Germain says he’d rather keep a Rugrats reboot as a time capsule. “One of the things I think might be fun would be to just make the show a retro ‘90s show,” he says. “I think that’d be cool. Cell phones can be interesting, but technology has a funny way of making it very difficult to write around because people are always in constant communication with each other in a way that works against drama. It takes a really fun writers’ obstacle away and makes it too easy.”

DOUG

In the case of unassuming tween Doug, the show’s future is much like its main character: a possible, albeit wildly unrealistic, fantasy. The rights to Doug went over to Disney in 1996, and creator Jim Jinkins says the Mouse House isn’t looking to re-bag this Neematoad.

“Disney owns the right to make anything new, and they have no interest right now in anything to do with it,” says Jinkins, who’s already one step ahead of reboot-happy fans: He’s written a treatment and key scenes for a movie follow-up that would check in on what Doug’s been up to all these years later.

For Jinkins, time has certainly passed, and Doug would be living in a New York City metropolis. “I haven’t written the whole screenplay, but some stories are written,” says Jinkins. “Skeeter’s his roommate. Judy would be a performance artist off, off, off Broadway, just kind of doing weird stuff. Porkchop would be there — we’re not going to talk about dogs and their real lifespans, but I’ll just let him be.” (Jinkins also revealed whether Doug ends up with Patti… but you’ll have to check back on EW for that full story on Tuesday.)

But, as Jinkins stresses, the outlook is grim despite his best efforts. “Maybe if I wrote it like a book and put it out there, Disney would give me permission to do that,” he says. “I keep qualifying it, I guess out of being a cock-eyed optimist, but right now they explained they’re not interested in moving Doug forward. In the past, they have expressed interest in a play. Now, that would be a great play. So, I don’t know! But I do think I have a great story for fans to get a feel for where Doug is headed, and I thought that would be an awesome thing to deliver.”

THE REN & STIMPY SHOW

The final candidate for a reboot — and perhaps the one furthest from fruition — is The Ren & Stimpy Show, which infamously survived a troubled history with Nickelodeon almost from the start.

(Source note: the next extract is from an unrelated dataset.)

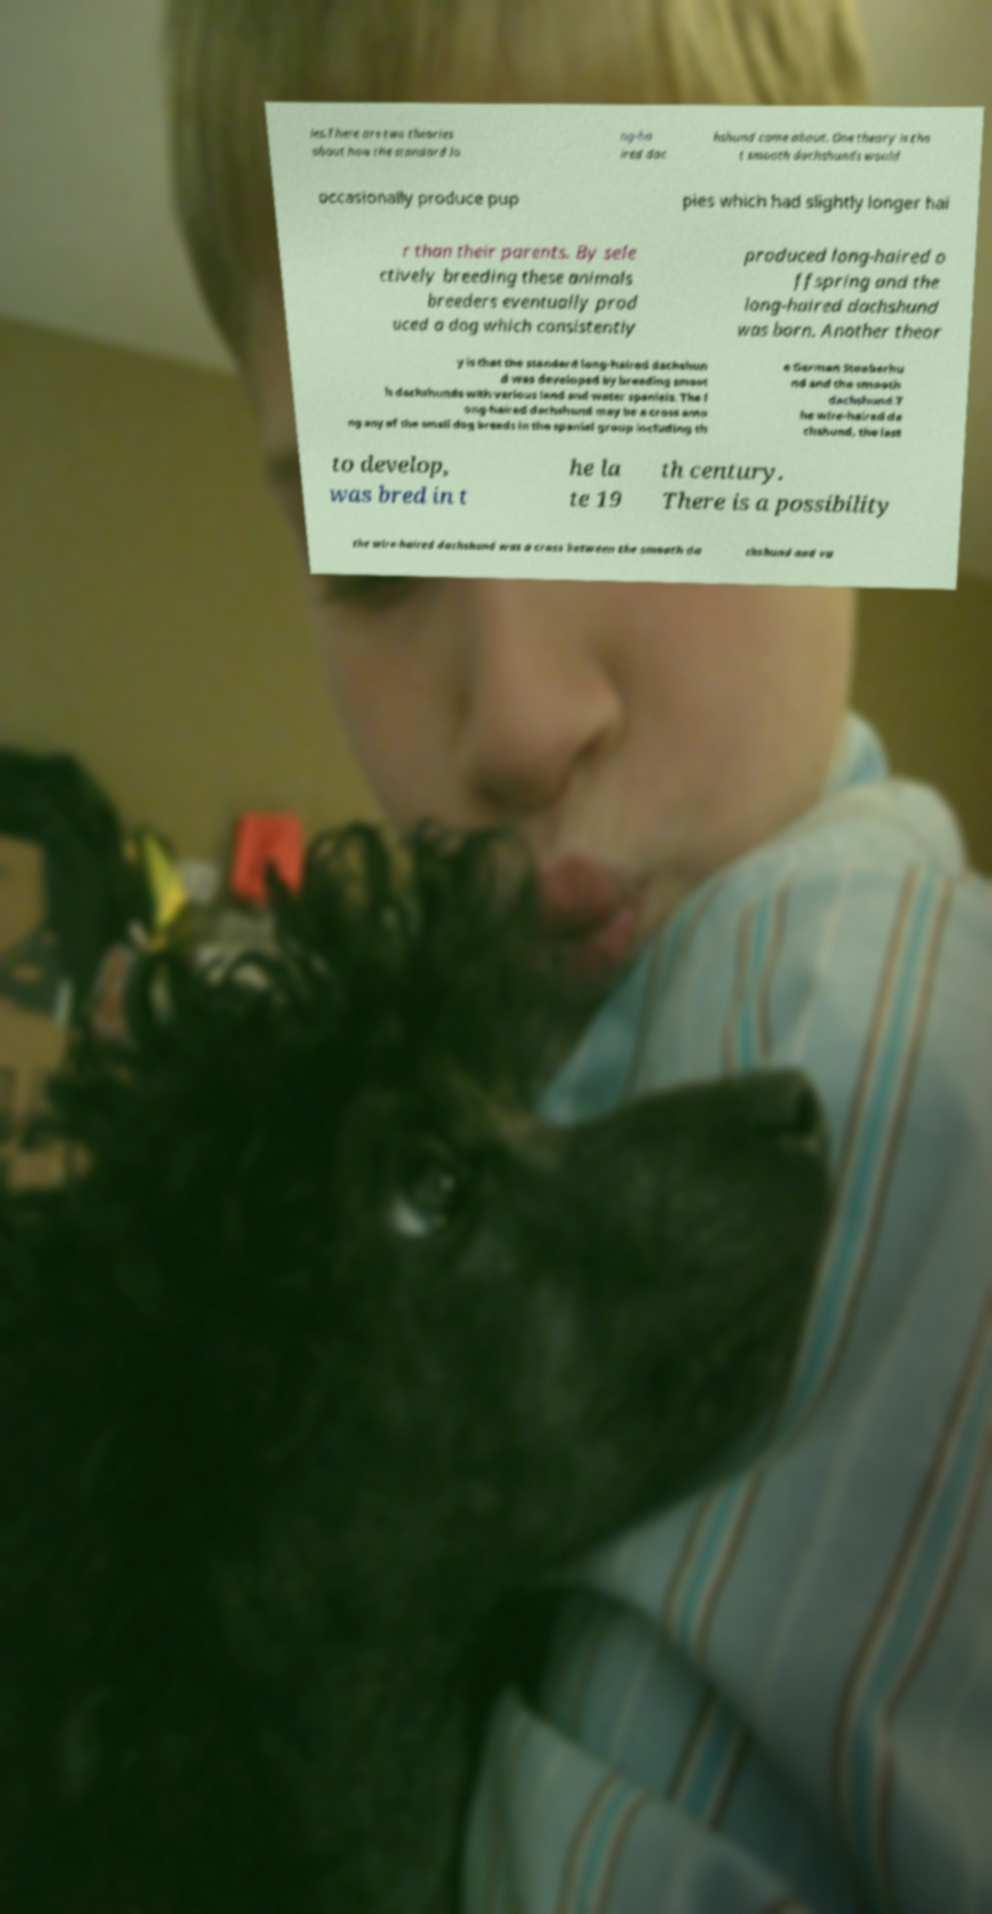What messages or text are displayed in this image? I need them in a readable, typed format. ies.There are two theories about how the standard lo ng-ha ired dac hshund came about. One theory is tha t smooth dachshunds would occasionally produce pup pies which had slightly longer hai r than their parents. By sele ctively breeding these animals breeders eventually prod uced a dog which consistently produced long-haired o ffspring and the long-haired dachshund was born. Another theor y is that the standard long-haired dachshun d was developed by breeding smoot h dachshunds with various land and water spaniels. The l ong-haired dachshund may be a cross amo ng any of the small dog breeds in the spaniel group including th e German Stoeberhu nd and the smooth dachshund.T he wire-haired da chshund, the last to develop, was bred in t he la te 19 th century. There is a possibility the wire-haired dachshund was a cross between the smooth da chshund and va

When the network first sought creator-driven shows to launch the Nicktoons block, Ren & Stimpy creator John Kricfalusi was one of the most clear in his creative vision for the debauched dog-and-cat comedy. But, as has been well-chronicled over the years, Kricfalusi and Nickelodeon had a messy parting of ways over the nature of the show. The de facto straw that broke the camel’s back: the boundary-pushing, “unairable” episode “Man’s Best Friend,” which synced with Kricfalusi’s departure from the network.

In 2003, Ren & Stimpy was revived on Spike/TNN as Ren & Stimpy Adult Party Cartoon, which purported to resurrect lost episodes and produce new ones, elevating the show to the adult territory it was always destined to inhabit. But that experiment lasted less than two months.

EW asked Kricfalusi whether Ren & Stimpy could ever return for a third go-round on TV, or a second run on Nickelodeon.

“Doesn’t look like it,” Kricfalusi says. “At least not without the creator of this creator-driven show.”